Jackie (Katy O’Brian) is a drifter, new in town (training for an upcoming bodybuilding competition in nearby Las Vegas), and is a tough lady, who takes no crap from either a man or a woman. She’s a muscular aspiring bodybuilder, someone Lou can’t take her eyes off when she first sees her at the gym. It’s a love at first sight romance, as they immediately screw.

Though Jackie is drug-free, Lou treats her to free steroids to get her hooked.

Violence occurs when Lou’s married sister Beth (Jena Malone) is severely beaten by her abusive, womanizer, redneck husband JJ (Dave Franco).

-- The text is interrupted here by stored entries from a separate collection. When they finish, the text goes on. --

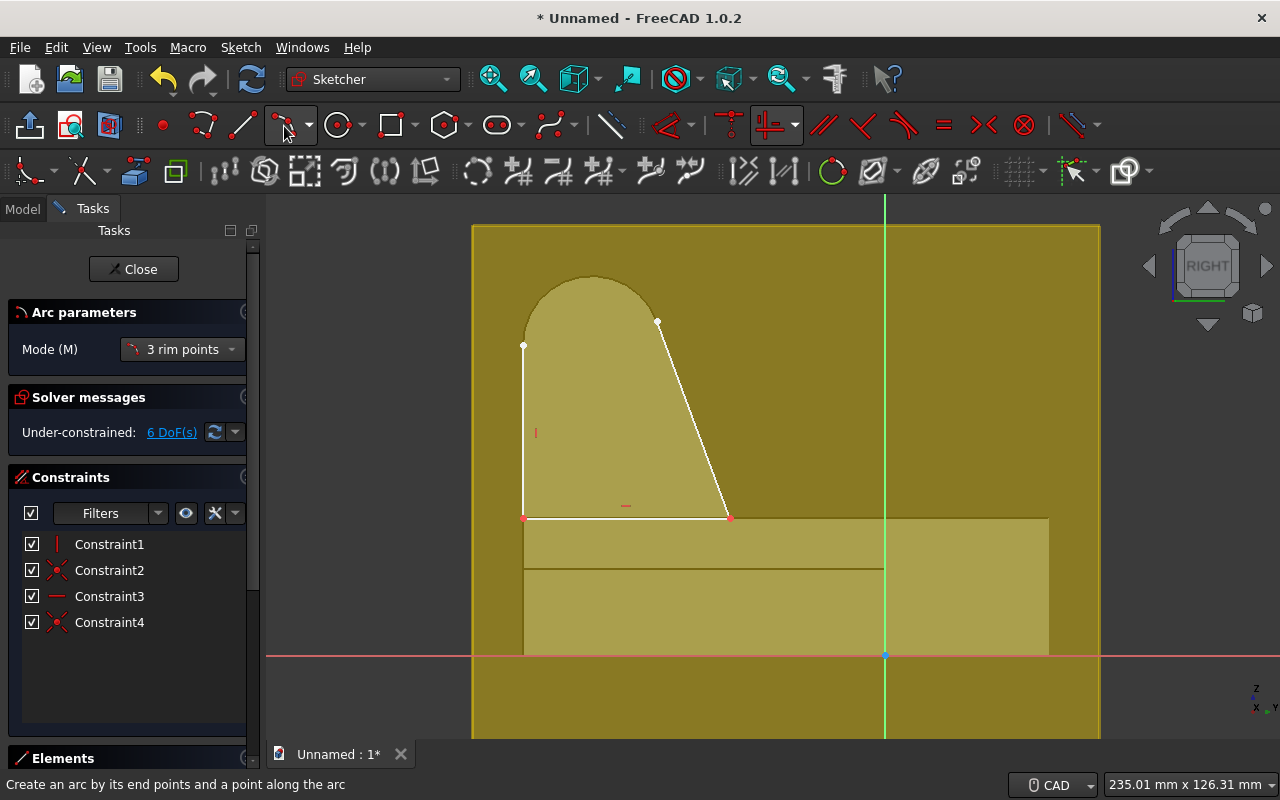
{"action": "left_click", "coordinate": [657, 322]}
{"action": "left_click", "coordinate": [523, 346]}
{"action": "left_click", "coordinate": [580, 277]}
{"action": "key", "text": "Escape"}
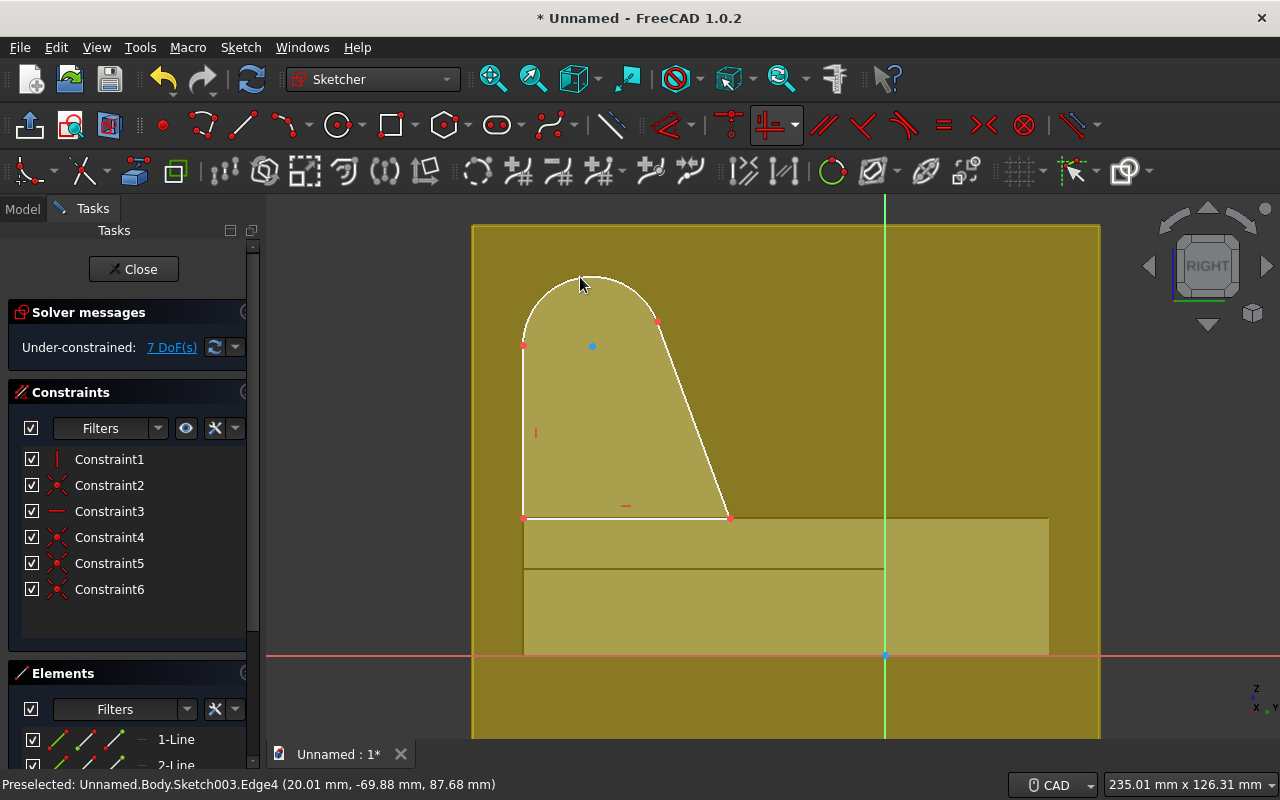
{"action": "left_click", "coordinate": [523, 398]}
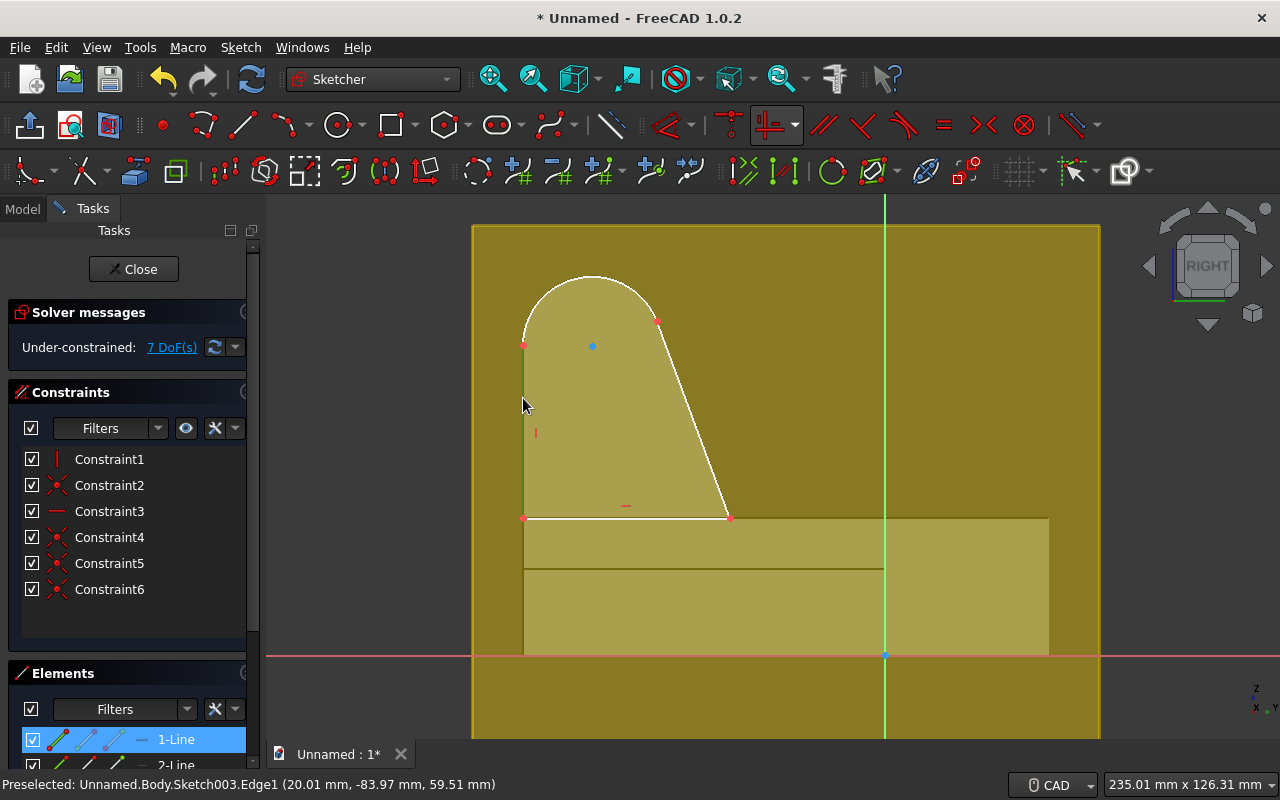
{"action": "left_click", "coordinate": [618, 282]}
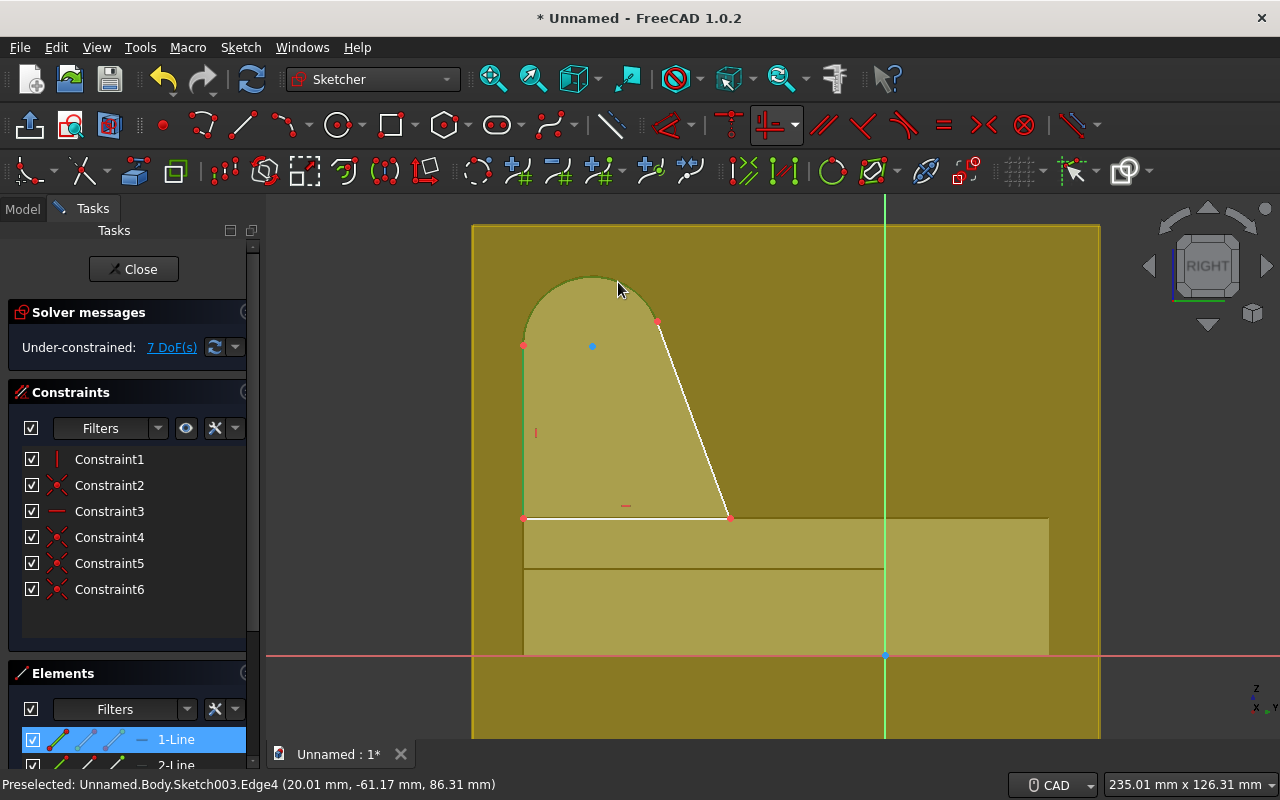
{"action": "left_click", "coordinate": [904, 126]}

The ditsy lesbian gossiper, Daisy (Anna Baryshnikov), who is smitten with Lou, witnesses Jackie and Lou as they dump a body. Being in the wrong place at the wrong time leads to a violent third act.

The convoluted and unpredictable film, that subverts logic for over-the-top violence, offers comedy from its misogynist characters and surprises to a familiar story.
 

How much you like this film depends on how much tolerance you have for the pulsating queer thriller.

It played at the Sundance Film Festival.